Sacaba bocanadas de humo entre esos manzanos con sus frutos chiquitos que esperaban el verano para engordar. Intentaba recordar las anécdotas vividas con esos pantalones que me iban grandes, pero esos momentos se habían alejado de mi mente como una bandada de palomas asustadas tras un disparo de escopeta. Podría ser una pelea a navaja, una timba de cartas, un avión que se alejó con ella a bordo. O un paseo por ese mismo lugar hacía muchos años.
Las hojas de los plataneros comenzaron a estremecerse violentamente por el viento repentino. El cielo se puso feo sobre una aldea lejana, la de Manel. Escuché un primer trueno. Me levanté del suelo, y apenas tuve tiempo de alcanzar un cobertizo aislado cuando comenzó a diluviar. Una cortina de agua se precipitaba tejas abajo. Un gorrión con el ala izquierda dañada, quizá por un perdigón, se refugió a un par de metros de mi. Nos observamos, sin decirnos nada. Se sumó un gato sin dueño al Arca de Noé, a más distancia de nosotros. Ninguno buscaba pelea. Sólo pretendíamos resguardarnos. El aguacero nos impedía regresar a casa. Yo fumaba. Ellos no. Parecía una parada del ómnibus 39 un domingo por la tarde, cuando el transporte público tarda en aparecer, y apenas esperamos tres personas el milagro de que circule ese autobús por la calle Robí.
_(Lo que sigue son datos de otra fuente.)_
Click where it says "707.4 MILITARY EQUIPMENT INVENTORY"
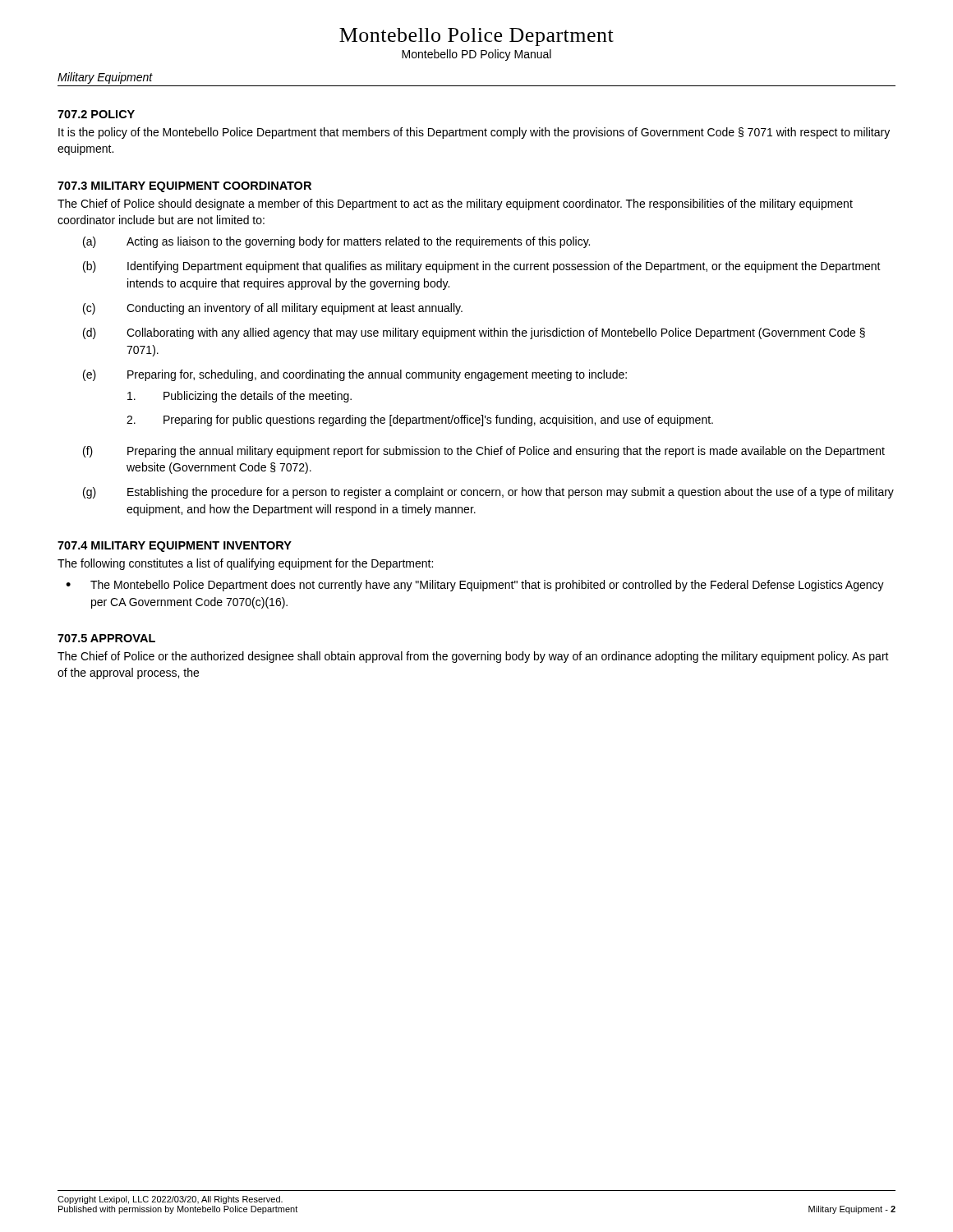The image size is (953, 1232). tap(175, 545)

Fue una tormenta rápida, como las de verano. Con todo me hizo llegar tarde a la cena. Al girar la llave en la puerta de la granja de los caballos, mis padres se levantaron del sofá para correr al comedor. Estaban hambrientos. La señora Sofía me sirvió tres platos, tras preguntar mi peso (por primera vez en mi vida). Le dije la verdad, que estaba un poco por debajo de mis setenta y cinco kilos ideales, pero que no había adelgazado adrede. Que me limitaba a caminar un ratito cada día. Eso era todo. Y que esos pantalones eran de hace mucho tiempo, cuando debía aguantar la respiración para esconder mi barriga de Santa Claus. No la convencí, me obligó a rebañar el plato con un trozo de pan.
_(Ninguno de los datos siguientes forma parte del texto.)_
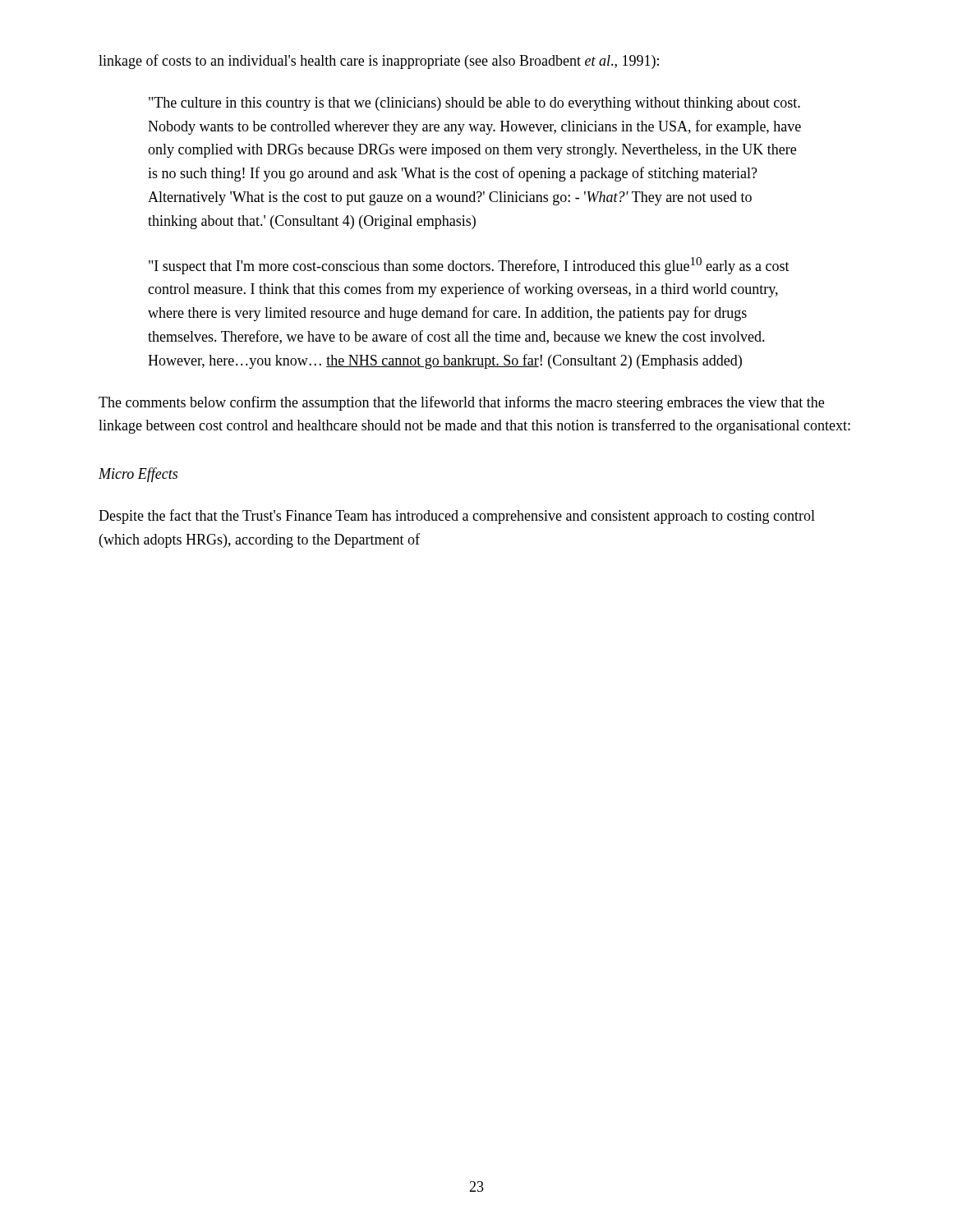This screenshot has height=1232, width=953.
Task: Point to the block starting ""The culture in this country"
Action: point(476,162)

Por la noche salí a las fiestas del pueblo, con unos pantalones de ahora. Los que recordarán mis anécdotas presentes dentro de unos años, cuando estén en la pila de prendas antiguas en esa silla de madera, y yo las haya olvidado. Los llevé frente al escenario en el que Ariel Rot cantaba sus temas eternos. Estaba flaco allí arriba. Intentó animarnos levantando el pulgar tras las mangas de esa americana a rayas que le venía grande. Quizá la encontró sobre la silla de madera de su dormitorio, después de que su madre la rescatara de una cómoda. Con mil historias por recordar que el músico ya no recuerda. Una pelea a navaja, una timba de cartas, un avión que se alejó con ella a bordo.
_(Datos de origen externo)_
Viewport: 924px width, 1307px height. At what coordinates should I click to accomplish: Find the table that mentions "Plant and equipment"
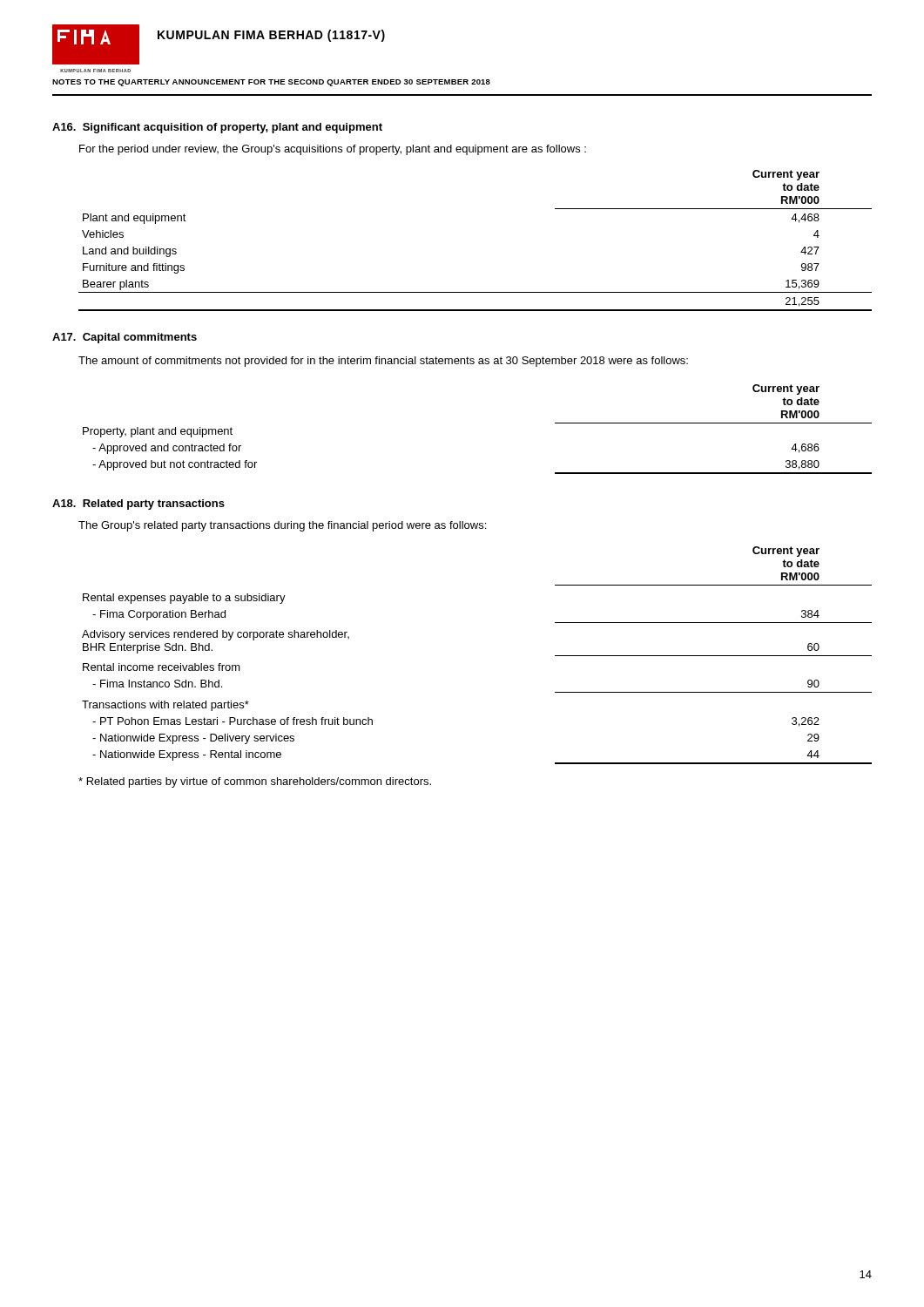pos(475,238)

Había poco público. Todo era desangelado. Jamás aplaudo, pero esa noche aplaudí.
PD: Hace poco colgué mi post 250. Pensé en cambiar el decorado de este blog (renovarse o morir), pero alguien me frenó -Arare, y mira que no soy chivato :-). Lo hago ahora. Espero que no tarde demasiado en cargarse. Mantendré el blog anterior actualizado en otra dirección, para los que lo prefieran.
PD2: Llum, t'he copiat una de les cantants que recomanes al teu blog. Potser t'hauria d'haver demanat permís. En qualsevol cas, gràcies. M'agrada molt.
PD3: Faltan algunos de vuestros links en la columna de la derecha. Lo iré arreglando.